╭─ Data records

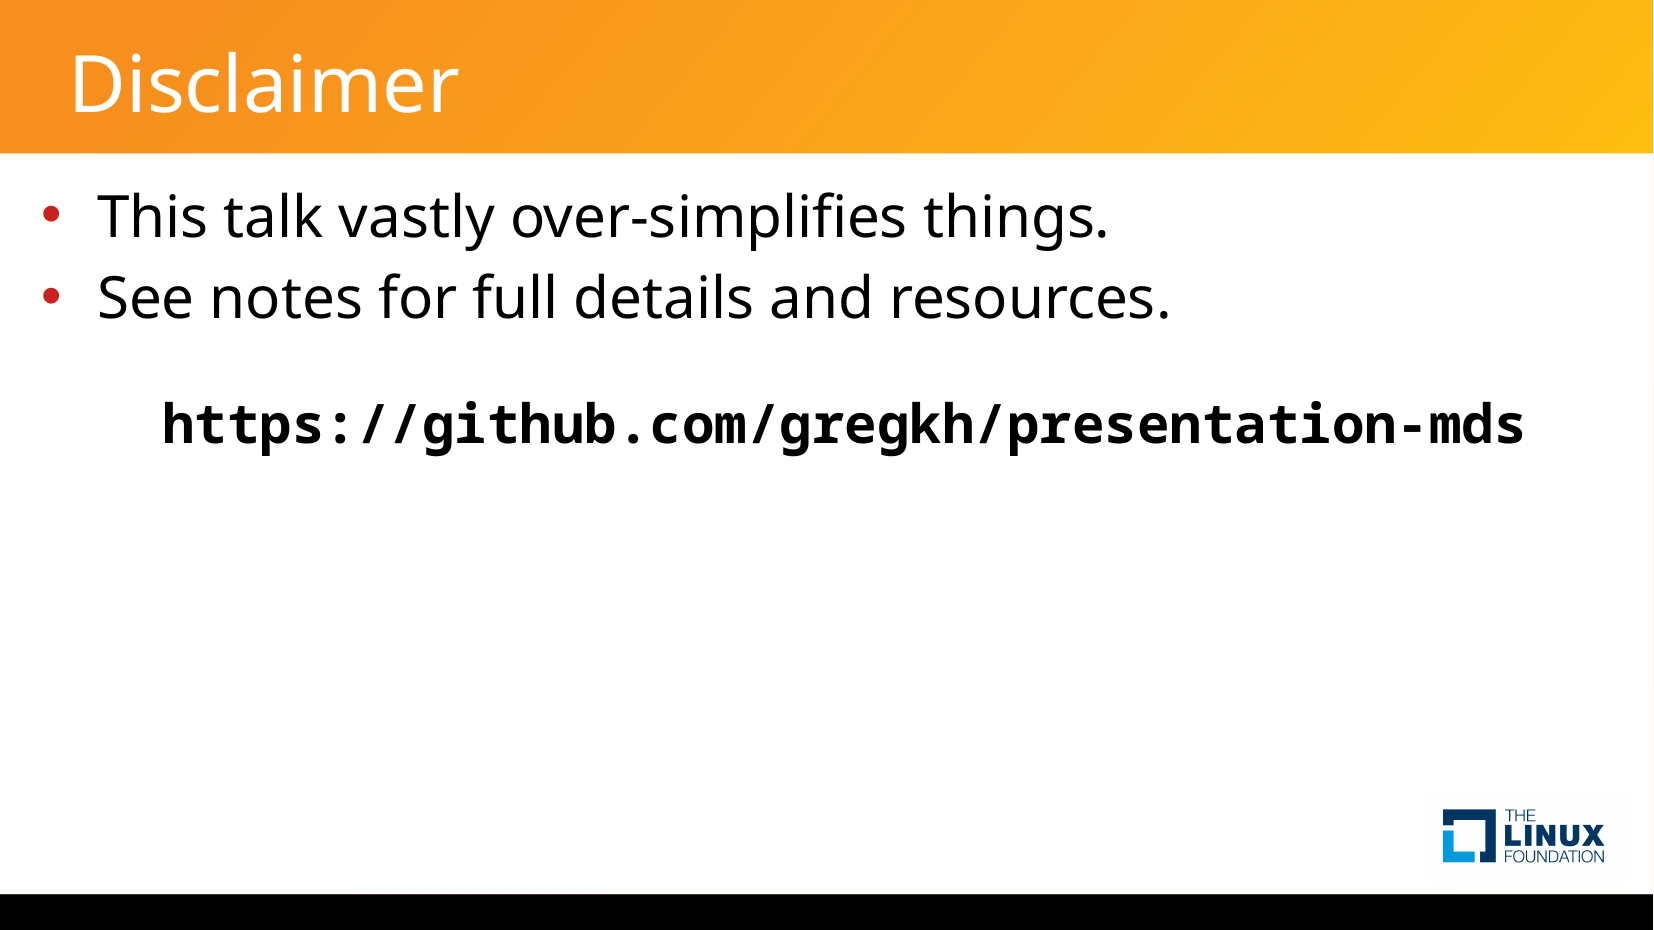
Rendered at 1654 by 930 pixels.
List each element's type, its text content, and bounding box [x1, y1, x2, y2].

picture [1420, 774, 1630, 887]
picture [0, 0, 1654, 930]
text_box https://github.com/gregkh/presentation-mds [109, 378, 1581, 497]
list This talk vastly over-simplifies things. See notes for full details and resources. [25, 171, 1532, 414]
title Disclaimer [53, 8, 1571, 154]

╰─

Problem to solve ▸ Line by line and exactly, write out the material above. Skip the pictures.

Written reply ▸
Rendered at 1654 by 930 pixels.
List each element's type, its text content, and bounding box [x1, y1, x2, y2].

picture [1420, 774, 1630, 887]
picture [0, 0, 1654, 930]
text_box https://github.com/gregkh/presentation-mds [109, 378, 1581, 497]
list This talk vastly over-simplifies things. See notes for full details and resources. [25, 171, 1532, 414]
title Disclaimer [53, 8, 1571, 154]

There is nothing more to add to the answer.